Of the 59 patients, there were 27 (45.8%) extensive metabolizers (EMs; CYP2C19*1/1), 16 (27.1%) ultrarapid metabolizers (UMs; CYP2C191/17, CYP2C1917/17), 14 (23.7%) intermediate metabolizers (IMs; CYP2C191/2, CYP2C192/17, CYP2C193/17) and two (3.4%) poor metabolizers (PMs; CYP2C192/*2). Median metabolic ratio (25%-75% percentiles) were 1.03 (0.69-1.36) for EMs, 1.95 (1.33-2.68) for UMs, 1.40 (0.78-2.13) for IMs+PMs and 1.26 (0.82-1.99) for the whole sample. A statistically significant difference in metabolic ratio (Mann-Whitney test) was found between UMs and EMs (=0.001) and in the multiple comparison Kruskal-Wallis test (=0.005).
We found a connection between particular genotypes and urine metabolic ratio of omeprazole in Russian peptic ulcer patients. This method needs to be improved as in our modification it worked mainly for UMs and did not differentiate all patients according to omeprazole biotransformation activity.

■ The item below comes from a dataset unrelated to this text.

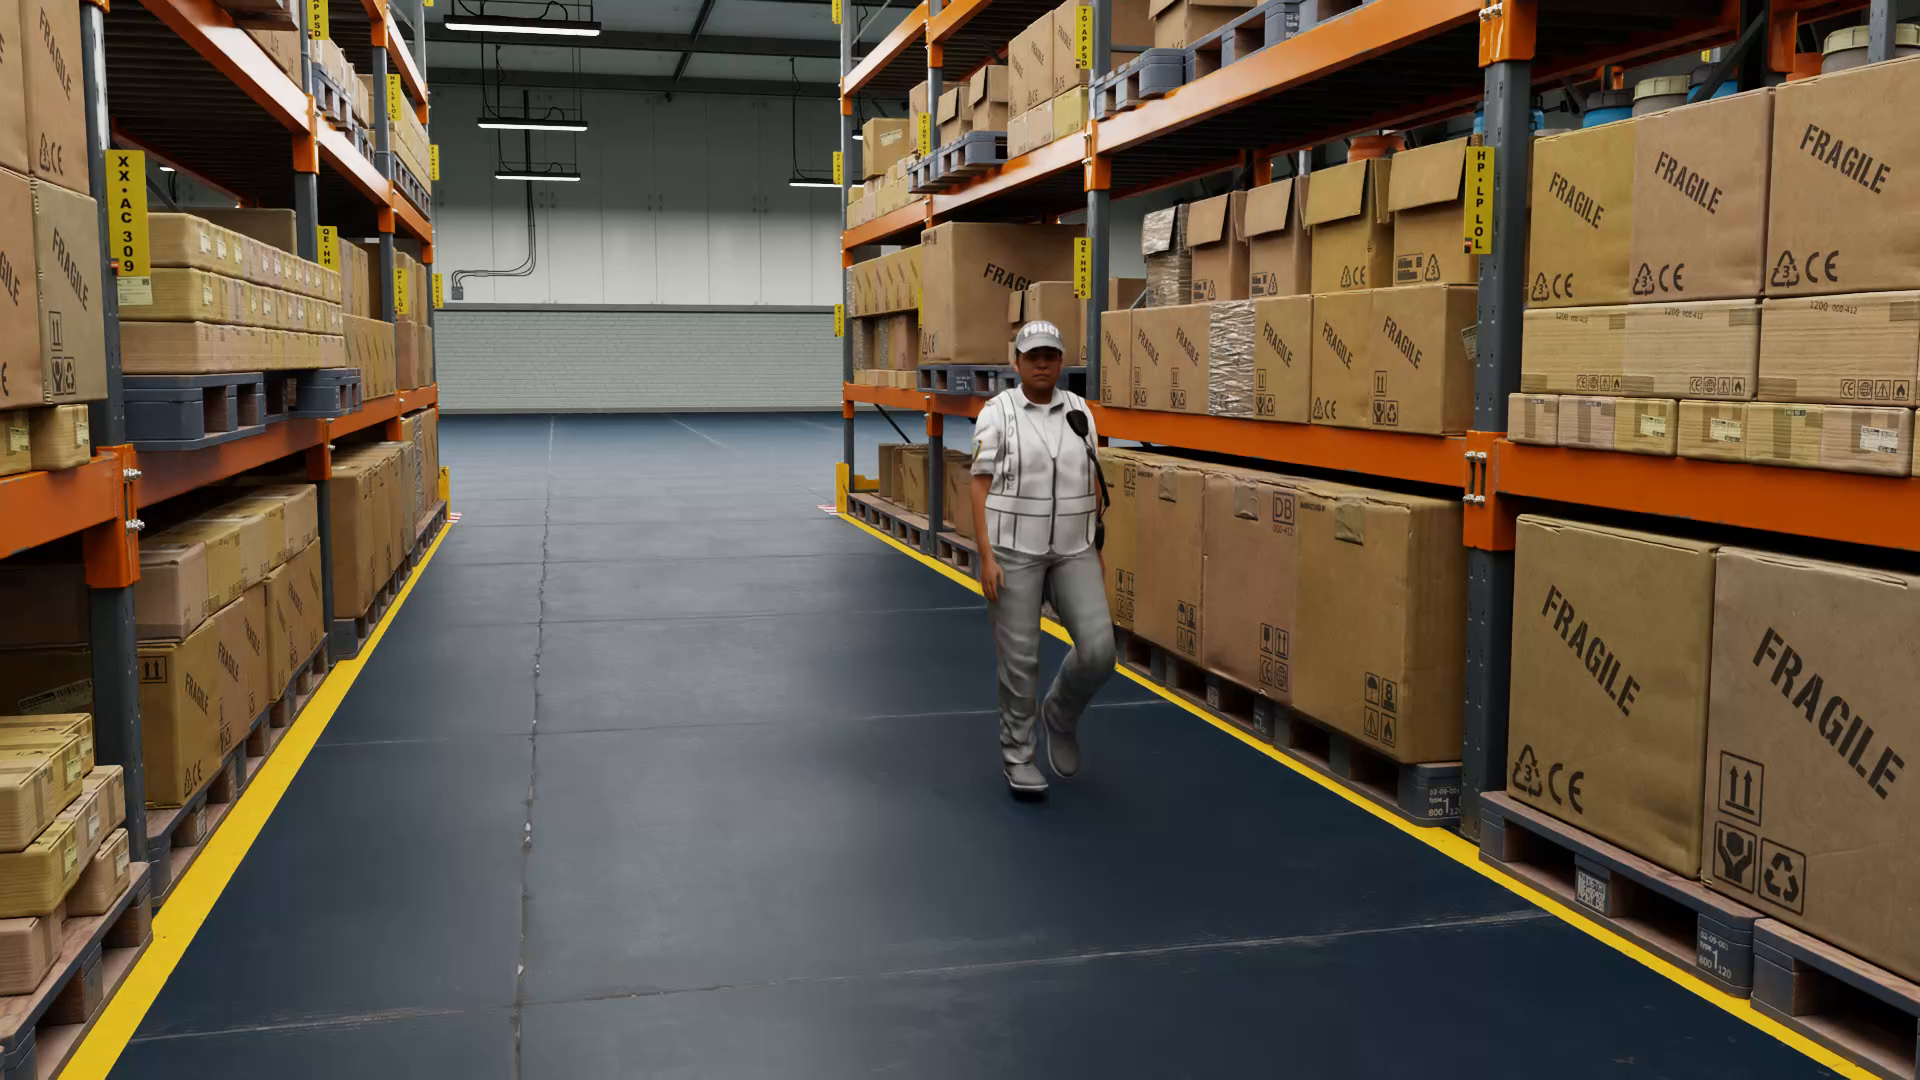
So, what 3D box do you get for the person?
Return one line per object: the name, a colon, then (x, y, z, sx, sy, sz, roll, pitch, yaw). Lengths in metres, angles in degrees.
person: (0.293, 0.061, 5.895, 0.514, 1.664, 0.458, -1, 6, -13)

已知CYP2C19是质子泵抑制剂(PPIs)生物转化的主要酶,而该基因具有高度多态性。基因分型和表型分型共同提供了关于患者CYP2C19活性的更可靠数据。
本研究旨在探讨奥美拉唑尿代谢率在俄罗斯不同基因型消化性溃疡患者中用于CYP2C19表型分型的适用性。
从莫斯科的四家诊所招募了59例年龄在18 - 91岁(平均年龄53.5±15.1岁)的患者(19名男性和40名女性),这些患者经内镜和组织学证实患有消化性溃疡或既往有内镜和组织学证实的溃疡病史。采集外周静脉血(6 mL)用于DNA提取,并进行实时聚合酶链反应以分析(rs4244285)、(rs4986893)和(rs12248560)多态性。患者的尿液样本在早上6点至9点之间收集,在进食或服药前,且在每日两次(bid)服用奥美拉唑至少3天后。使用高效液相色谱 - 质谱法测量尿液中奥美拉唑和5 - 羟基奥美拉唑的浓度。
59例患者中,有27例(45.8%)为广泛代谢者(EMs;CYP2C19*1/1),16例(27.1%)为超快代谢者(UMs;CYP2C191/17,CYP2C1917/17),14例(23.7%)为中间代谢者(IMs;CYP2C191/2,CYP2C192/17,CYP2C193/17),2例(3.4%)为慢代谢者(PMs;CYP2C192/*2)。EMs的中位代谢率(25% - 75%百分位数)为1.03(0.69 - 1.36),UMs为1.95(1.33 - 2.68),IMs + PMs为1.40(0.78 - 2.13),整个样本为1.26(0.82 - 1.99)。在UMs和EMs之间发现代谢率存在统计学显著差异(Mann - Whitney检验,P = 0.001),在多重比较的Kruskal - Wallis检验中也存在差异(P = 0.005)。
我们发现俄罗斯消化性溃疡患者中特定的CYP2C19基因型与奥美拉唑尿代谢率之间存在关联。该方法需要改进,因为在我们的改进中它主要适用于UMs,并且不能根据奥美拉唑生物转化活性区分所有患者。